U.S. Supreme Court Rules On Disability Benefits Calculation

U.S. Supreme Court Rules On Disability Benefits Calculation

WASHINGTON, D.C. - (Mealey's) An injured maritime worker's compensation is based on the rate at the time he or she becomes disabled regardless of when a compensation order is issued, a split U.S. Supreme Court ruled March 20 (Dana Roberts v. Sea-Land Services, Inc., et al., No. 10-1399, U.S. Sup.). 

(Opinion. Document #73-120413-006Z.)

 

Dana Roberts slipped and fell on a patch of ice on Feb. 24, 2002, while working as a gatehouse dispatcher in Dutch Harbor, Alaska, for Sea-Land Services Inc.  He injured his neck and shoulder and did not return to work. 

Sea-Land voluntarily paid Roberts benefits absent a compensation order until fiscal year 2005.  When Sea-Land stopped the payments, Roberts filed a Longshore and Harbor Workers' Compensation Act (LHWCA) claim.  In fiscal year 2007, an administrative law judge (ALJ) awarded Roberts benefits at the statutory maximum rate of $966.08 per week.  This amount was twice the national average weekly wage for fiscal year 2002, the year when Roberts became disabled.   

Roberts moved for reconsideration, arguing that the "applicable" national average weekly wage was the figure for fiscal year 2007, the fiscal year when he was "newly awarded compensation" by the ALJ's order.  The latter figure would have entitled Roberts to $1,114.44 per week.  The ALJ denied reconsideration, and the Department of Labor's Benefits Review Board affirmed.  Roberts then appealed to the Ninth Circuit U.S. Court of Appeals. 

The Ninth Circuit held that an employee "is 'newly awarded compensation' . . . when he first becomes entitled to compensation."  Roberts then petitioned the U.S. Supreme Court. 

Upholding the appellate panel's ruling, the Supreme Court majority opined that "[u]sing the national average weekly wage for the fiscal year in which an employee becomes disabled coheres with the LHWCA's administrative structure."  It also "avoids disparate treatment of similarly situated employees.  Under Roberts' reading, two employees who earn the same salary and suffer the same injury on the same day could be entitled to different rates of compensation based on the happenstance of their obtaining orders in different fiscal years.  We can imagine no reason why Congress would have intended by choosing the words 'newly awarded compensation,' to differentiate between employees based on such an arbitrary criterion," Justice Sonia Sotomayor wrote for the majority. 

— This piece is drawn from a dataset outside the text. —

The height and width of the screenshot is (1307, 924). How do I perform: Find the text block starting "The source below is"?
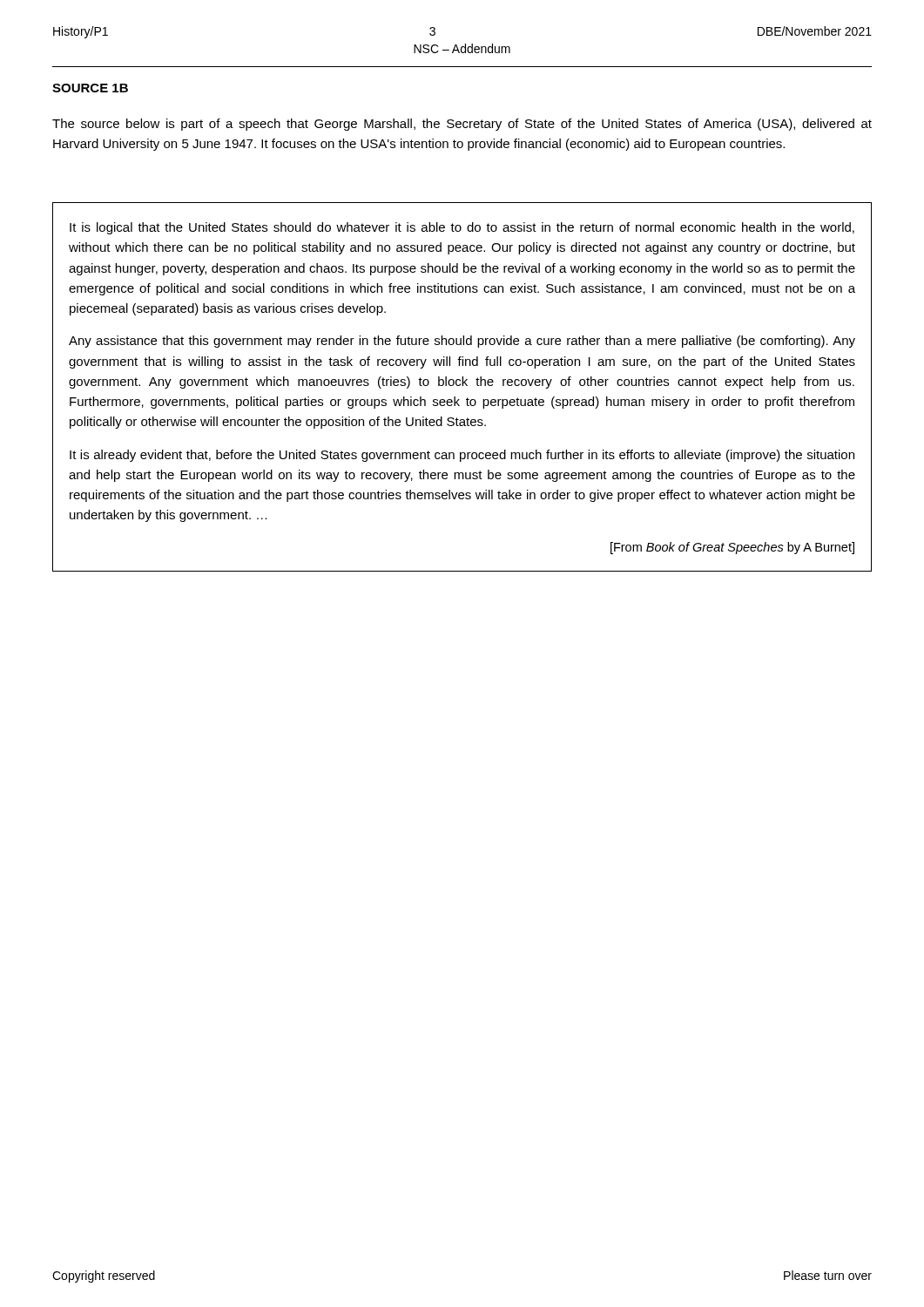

Finally, the majority held, using the average weekly wage for the fiscal year in which the injury occurs "discourages gamesmanship in the claims process.  If the fiscal year in which an order issues were to determine the cap, the fact that the national average weekly wage typically rises every year with inflation . . . would become unduly significant.  Every employee affected by the cap would seek the entry of a compensation order in a later fiscal year." 

Chief Justice John G. Roberts Jr. and Justices Antonin Scalia, Anthony M. Kennedy, Clarence Thomas, Stephen G. Breyer, Samuel Anthony Alito Jr. and Elena Kagan joined in the opinion. 

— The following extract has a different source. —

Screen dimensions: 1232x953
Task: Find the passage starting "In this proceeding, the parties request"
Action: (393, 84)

Justice Ruth Bader Ginsburg filed an opinion concurring in part and dissenting in part.  She agreed with the majority that Roberts' was incorrect in arguing that benefits must be based on the national weekly average the year an employee receives a formal compensation award.  However, Justice Ginsburg did not agree with the majority's conclusion that the rate should be established based on the year in which the employee becomes "statutorily entitled to compensation." 

Instead, she opined, "I would hold that an injured worker is 'newly awarded compensation' when (1) the employer voluntarily undertakes to pay benefits to the employee, or (2) an administrative law judge (ALJ), the Benefits Review Board (BRB), or a reviewing court orders the employer to pay such benefits." 

Joshua T. Gillelan II of Longshore Claimants' National Law Center in Washington represents Roberts.  Carter G. Phillips of Sidley Austin in Washington, Frank B. Hugg of Oakland, Calif., and Solicitor General Donald B. Verrilli Jr. and Assistant to the Solicitor General Joseph R. Palmore, both in Washington, represent the defendants.